AVC: There’s a bit on Dangerously Delicious about what a terrible sign it is for a relationship if it starts with a woman meeting a drunk guy at a club. Where would you advise people to go looking for love instead?
AA: I have no fucking clue. I talked with a friend about this last night. Where do you meet classy men and women? When I talk to men and women, a general sentiment is just, “Where are the good, normal, nice, non-crazy people?” This is when people say things like, “Go the grocery store” or, “Go to a museum.” I’ve gone to both, and it doesn’t quite work out. But maybe if I spent as much time at Whole Foods as I do drinking at bars, I’d have a different experience. I would also be a weirdo that hangs out at grocery stores way too long. I would have to live off those little samples. Hopefully it doesn’t come to that.
The point of those jokes, though, is I just think it’s sad that the main places in our culture that we designate to meet new people are bars and nightclubs. I have not had great luck in those spots. I think you’re better off going through mutual friends. The other thing is work and school. Those are the best, I think, because you have repeated, unplanned, in-person interactions where you can really get to know people.
I’m so jealous of people who have crushes on people they go to school with, or work with. That’s such a blessing. You actually get to see them all the time and spend time with them. Most single people I know, myself included, have a difficult time even meeting up with the people they like, be it busy schedules, texting games, or whatever.
The school/work thing is huge, because you don’t have to deal with that. You are automatically given the three factors sociologists have always said you need to build a meaningful connection with someone: 1) proximity, 2) unplanned interactions, and 3) a setting that encourages people to let their guard down and confide in each other. I read about this concept in another depressing article about how you probably won’t make new strong friendships after 30.
AVC: Do you have any basic advice for people who think they’re falling in love?
AA: Does the person love them back? If so, enjoy every single second of it. This is the most fun part. I believe it’s really hard to meet someone you have that much of a deep connection with, so you should cherish it.
If the person doesn’t like them back, oof. I’m sorry. That’s a hard situation and it’s not always easy just to move on. When you meet someone you really like and connect with, I think that’s very special, and not to be taken for granted. They discuss this in Before Sunset, one of my favorite films, in a way that really struck a chord with me. Julie Delpy’s character says when she was younger, she thought she’d meet many people of the opposite sex that she would have a special, deep, personal connection with, but as she got older, she realized that’s not the case, and you realize how rare those kind of connections really are. As I’ve gotten older, I’ve found I agree with this sentiment.
Sometimes it can be easy to romanticize our unrequited loves, though, so maybe be wary of that. Again, you want what you can’t have. And if someone’s being shitty to you, just move on.
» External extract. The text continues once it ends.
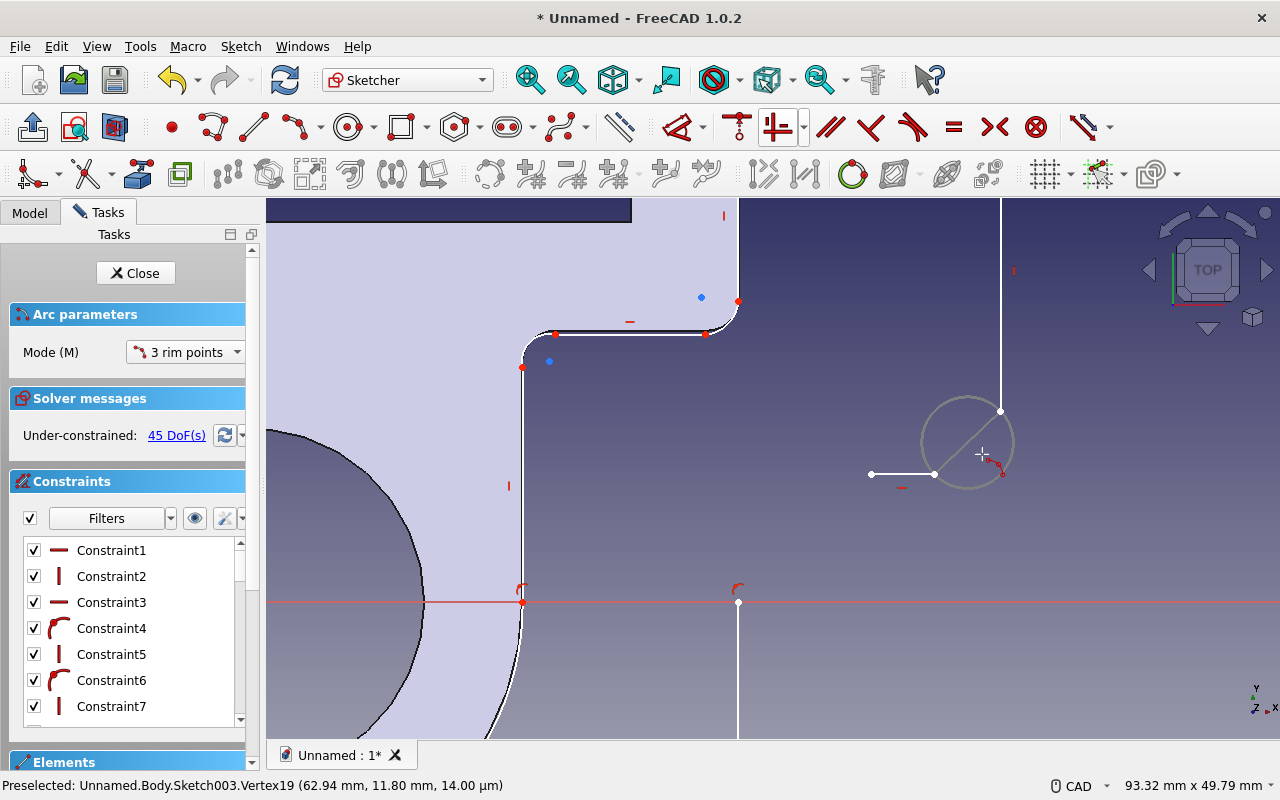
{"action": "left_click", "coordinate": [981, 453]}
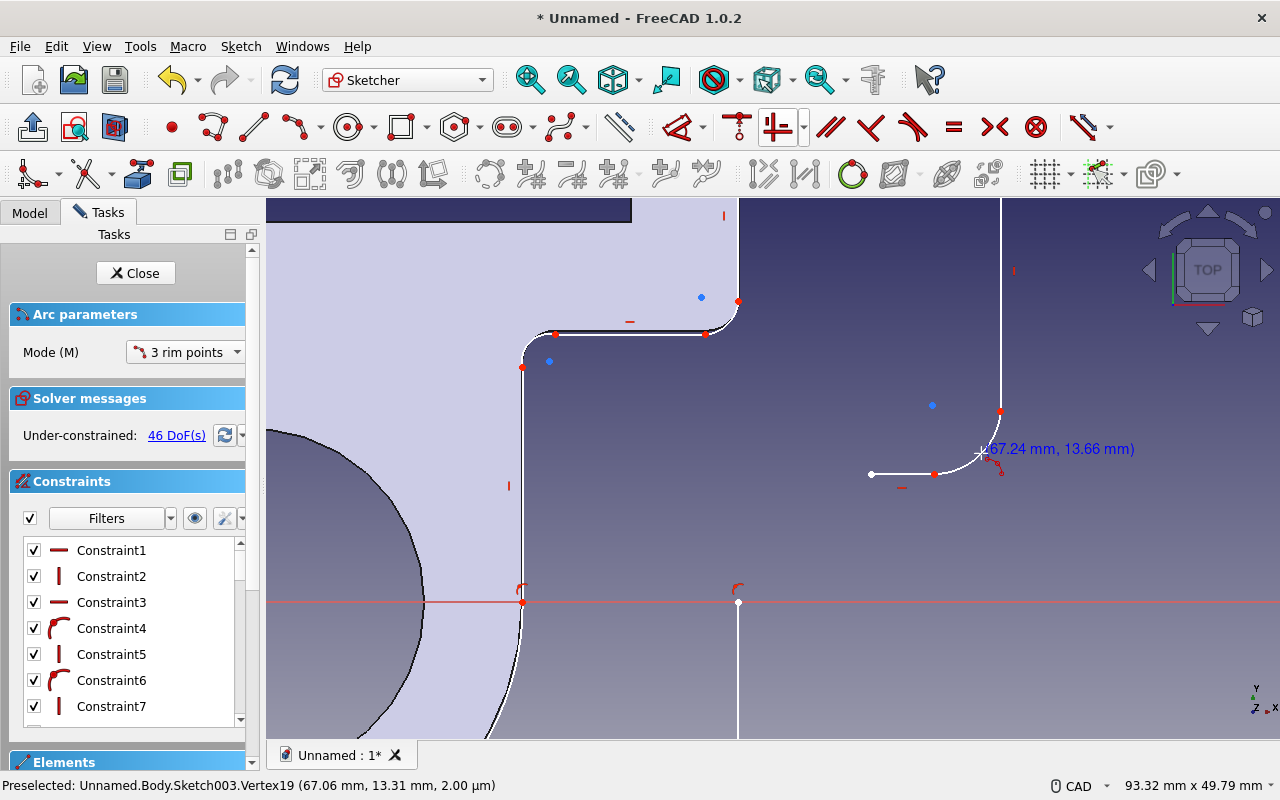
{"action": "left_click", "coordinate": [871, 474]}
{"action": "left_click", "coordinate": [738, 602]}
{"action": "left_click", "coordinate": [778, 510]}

If someone’s being shitty to you, no matter how great they are, that’s shitty, and you don’t want be with someone who treats you shitty. Ultimately, there will be someone you meet that you like as much or more, there always is.
AVC: You brought up the idea of successful arranged marriage a couple of times in this interview, plus all the issues with having too many choices. Would you ever consider an arranged marriage for yourself? Does anything about it look tempting at this point?
AA: No, I’d be way too terrified, but my gut reaction to the whole concept—which originally was thinking it is so ludicrous—has lessened as I read more about it. When people hear about an arranged marriage, they immediately think, “Oh my God! Do they hate each other? Ahhhh!” But wouldn’t that be just as fair a question if it was a non-arranged marriage?
After reading more into it, my impression of arranged marriage is that it’s your parents saying, “Let’s find a good person for our kid to start a family with. Let’s find a good family to bring into our family.” That seems reasonable, right? Of course, it probably doesn’t work out for everyone as well as it did for my parents, but again, the same could be said of non-arranged marriages. I’d put my parents’ happiness up against any old white couple that had a non-arranged marriage.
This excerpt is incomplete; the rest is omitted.